Provided data:
☆ ☆ ☆ ☆ ☆

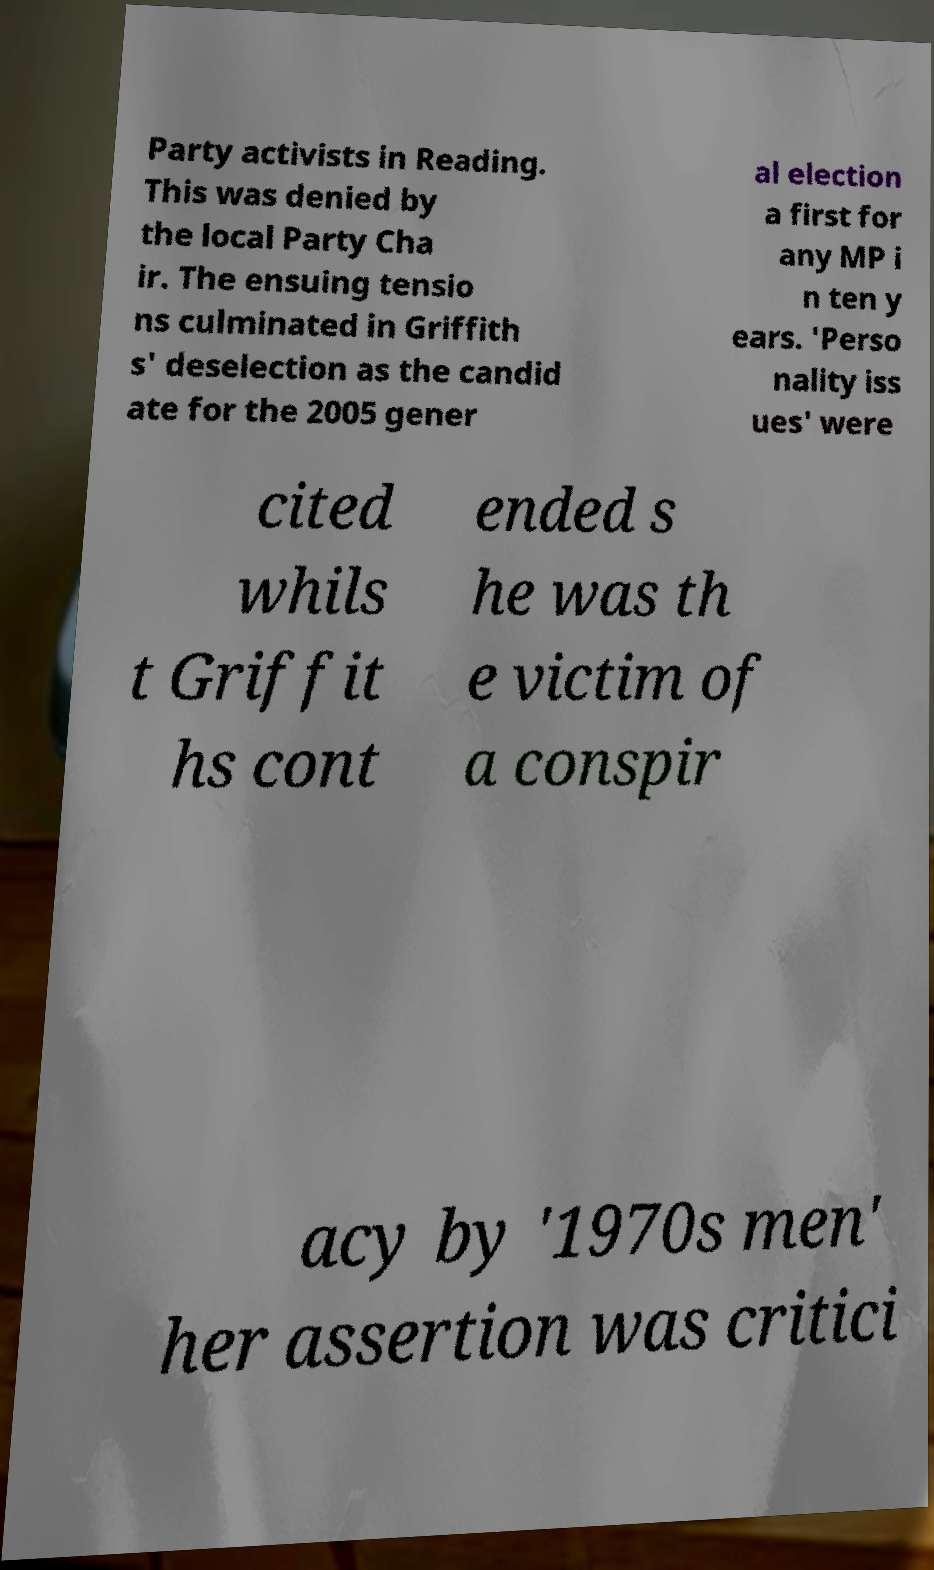Could you assist in decoding the text presented in this image and type it out clearly? Party activists in Reading. This was denied by the local Party Cha ir. The ensuing tensio ns culminated in Griffith s' deselection as the candid ate for the 2005 gener al election a first for any MP i n ten y ears. 'Perso nality iss ues' were cited whils t Griffit hs cont ended s he was th e victim of a conspir acy by '1970s men' her assertion was critici 
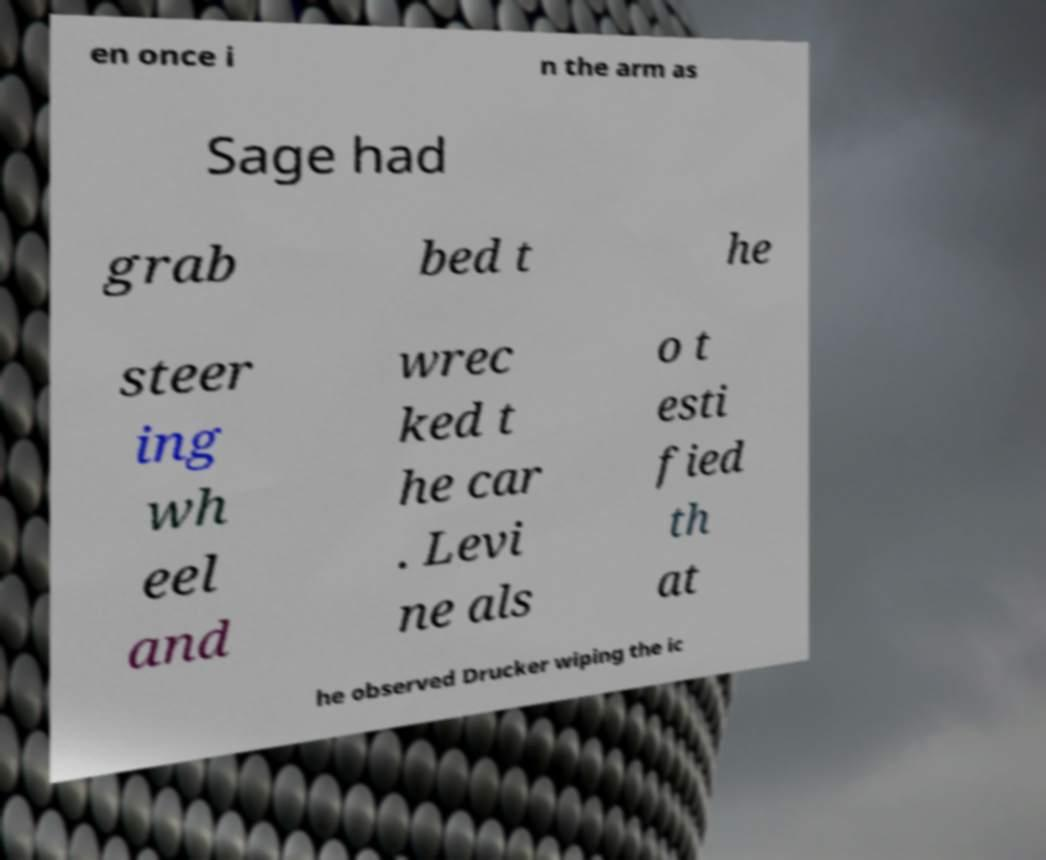There's text embedded in this image that I need extracted. Can you transcribe it verbatim? en once i n the arm as Sage had grab bed t he steer ing wh eel and wrec ked t he car . Levi ne als o t esti fied th at he observed Drucker wiping the ic 
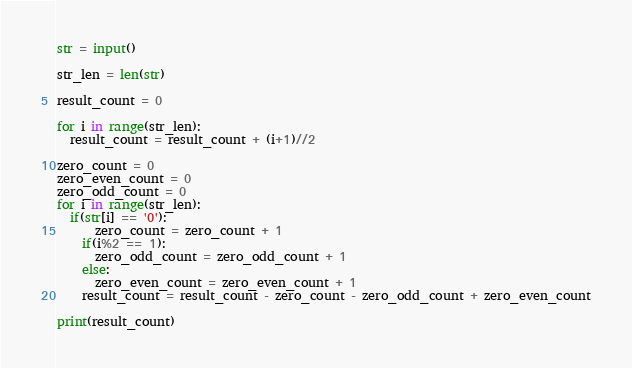<code> <loc_0><loc_0><loc_500><loc_500><_Python_>str = input()
 
str_len = len(str)
 
result_count = 0
 
for i in range(str_len):
  result_count = result_count + (i+1)//2

zero_count = 0
zero_even_count = 0
zero_odd_count = 0
for i in range(str_len):
  if(str[i] == '0'):
      zero_count = zero_count + 1
    if(i%2 == 1):
      zero_odd_count = zero_odd_count + 1
    else:
      zero_even_count = zero_even_count + 1
    result_count = result_count - zero_count - zero_odd_count + zero_even_count

print(result_count)
</code>

☆ ☆ ☆ ☆ ☆

Task to complete:
Pictures don't belong in the copy. Restate all the entries exactly.

Finished exercise:
Could you assist in decoding the text presented in this image and type it out clearly? Party activists in Reading. This was denied by the local Party Cha ir. The ensuing tensio ns culminated in Griffith s' deselection as the candid ate for the 2005 gener al election a first for any MP i n ten y ears. 'Perso nality iss ues' were cited whils t Griffit hs cont ended s he was th e victim of a conspir acy by '1970s men' her assertion was critici 
There's text embedded in this image that I need extracted. Can you transcribe it verbatim? en once i n the arm as Sage had grab bed t he steer ing wh eel and wrec ked t he car . Levi ne als o t esti fied th at he observed Drucker wiping the ic 
<code> <loc_0><loc_0><loc_500><loc_500><_Python_>str = input()
 
str_len = len(str)
 
result_count = 0
 
for i in range(str_len):
  result_count = result_count + (i+1)//2

zero_count = 0
zero_even_count = 0
zero_odd_count = 0
for i in range(str_len):
  if(str[i] == '0'):
      zero_count = zero_count + 1
    if(i%2 == 1):
      zero_odd_count = zero_odd_count + 1
    else:
      zero_even_count = zero_even_count + 1
    result_count = result_count - zero_count - zero_odd_count + zero_even_count

print(result_count)
</code>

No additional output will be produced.